Les victimes collatérales d’Ouagadougou

«Nos pensées vont aussi à ces dizaines de femmes dont personne ne parle et qui, aujourd’hui, doivent se sentir bien seules au monde», écrit Jacques Corcos à propos des Burkinabées.
Photo: Henk Badenhorst Getty Images «Nos pensées vont aussi à ces dizaines de femmes dont personne ne parle et qui, aujourd’hui, doivent se sentir bien seules au monde», écrit Jacques Corcos à propos des Burkinabées.

Nous venions de fermer les multiples caisses de matériel, instruments et nombreux objets nécessaires pour opérer adéquatement dans ces pays qui n’ont pas grand-chose dans leurs hôpitaux. Nous avions eu, juste la veille des attentats, un souper d’équipe pour les médecins, infirmières et volontaires. Nous étions tous très fébriles au moment de découvrir ou de retrouver notre petit village de Boromo, au Burkina Faso. Et puis, vendredi 13 janvier au soir, en plein milieu d’un entraînement sportif, nous recevons ce petit message texte qui nous annonçait que tout changeait : « As-tu vu ce qui se passe à Ouaga ? »

Beaucoup de choses ont été écrites sur ces attentats ignobles contre des civils désarmés et par surcroît des travailleurs humanitaires. Je n’en rajouterai pas. La grande majorité des Québécois ont découvert brutalement le Burkina Faso qu’ils étaient bien incapables de localiser sur une mappemonde quelques jours plus tôt.

Nous ne sommes pas de ceux qui sont facilement impressionnables. Notre organisation, Mères du monde en santé, seule ONG canadienne à prendre en charge les patients affligés par une complication des accouchements typique des pays pauvres — les fistules (trous) entre la vessie et le vagin — en a vu d’autres et a toujours maintenu ses missions, malgré l’Ebola, les crises politiques, la guerre du Mali, etc. Mais cette fois, nous avons décidé de reporter notre mission à beaucoup plus tard. Six Canadiens tués, ça en était trop pour l’équipe et leurs familles. Évidemment, tout cela a beaucoup de conséquences sur nous et notre fondation, mais la vraie question est : que va-t-il advenir de ces femmes qui nous attendaient ?

Petite description du problème : chacune de nos missions (nous en faisons cinq par an avec notre association soeur française, Espoir Femme-Enfant) permet d’opérer une quinzaine de femmes.
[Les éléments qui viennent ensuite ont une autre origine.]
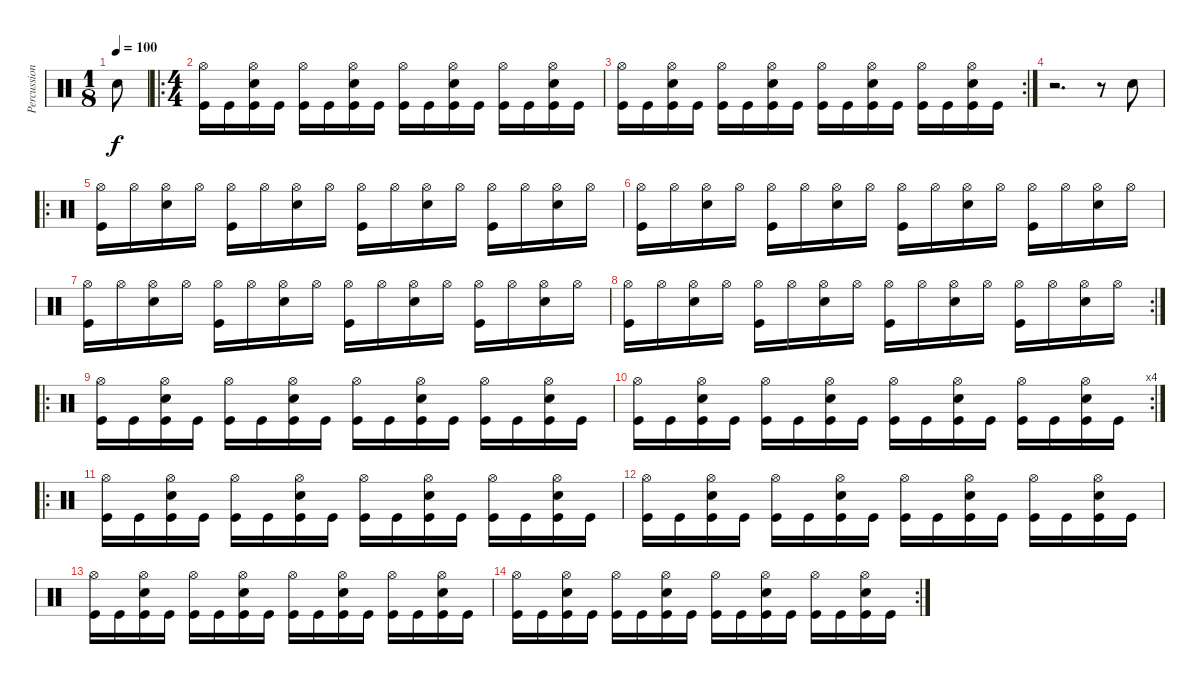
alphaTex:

La majorité de celles-ci sont très jeunes (14-25 ans) et victimes de méthodes d’accouchement ancestrales et inadaptées. Notre campagne de missions s’échelonne de novembre à mars en raison du climat et des femmes retenues aux champs en dehors de ces périodes. Les patientes sont au courant de nos missions. Dès la fin octobre, une horde de ces femmes migre avec famille, enfants et ballots vers la petite ville de Boromo.

Certaines en autobus, d’autres agglomérées sur le toit des camions et quelques-unes à pied, parfois sur des centaines de kilomètres. Pour venir, ces femmes, parmi les plus pauvres du troisième pays le plus pauvre au monde, ont dû emprunter un peu d’argent, quelques dollars (une vraie fortune pour elles ; elles devront d’ailleurs, à leur retour, travailler longtemps pour rembourser). Quand elles arrivent, elles s’installent à même le sol autour de l’hôpital et comptent sur notre aide pour survivre. Nous leur distribuons riz et manioc et une petite aide financière pour repartir chez elles après la chirurgie. Il y a toujours trop de patientes pour notre capacité opératoire. Certaines des femmes qui nous attendaient dans la poussière cette fois-ci ont fait ce trajet deux fois l’an dernier. N’ayant pu être opérées, elles sont revenues et cette année encore.

Nous pensons à leur désespoir aujourd’hui. Désespoir de ne pas avoir de chirurgie capable de corriger la pire des incontinences qui soit et qui, dans ces pays chauds à l’hygiène limitée, est synonyme de rejet familial, sexuel, social, aggravant leur pauvreté déjà extrême. Désespoir aussi de retourner chez elles et de devoir affronter leurs dettes et de devoir tout recommencer quand les « Blancs » reviendront. Même si notre fondation tente de minimiser ces conséquences en distribuant une aide, leur désespoir est grand et les malheureuses 30 victimes de l’attentat d’Ouaga ne sont pas les seules de cet aberrant terrorisme venu des antres du Moyen Âge. Si évidement nos pensées vont d’abord aux victimes et en particulier à nos concitoyens de Québec, lorsqu’on prend conscience que leurs photos, dans les médias, auraient bien pu être les nôtres, elles vont aussi à ces dizaines de femmes dont personne ne parle et qui, aujourd’hui, doivent se sentir bien seules au monde.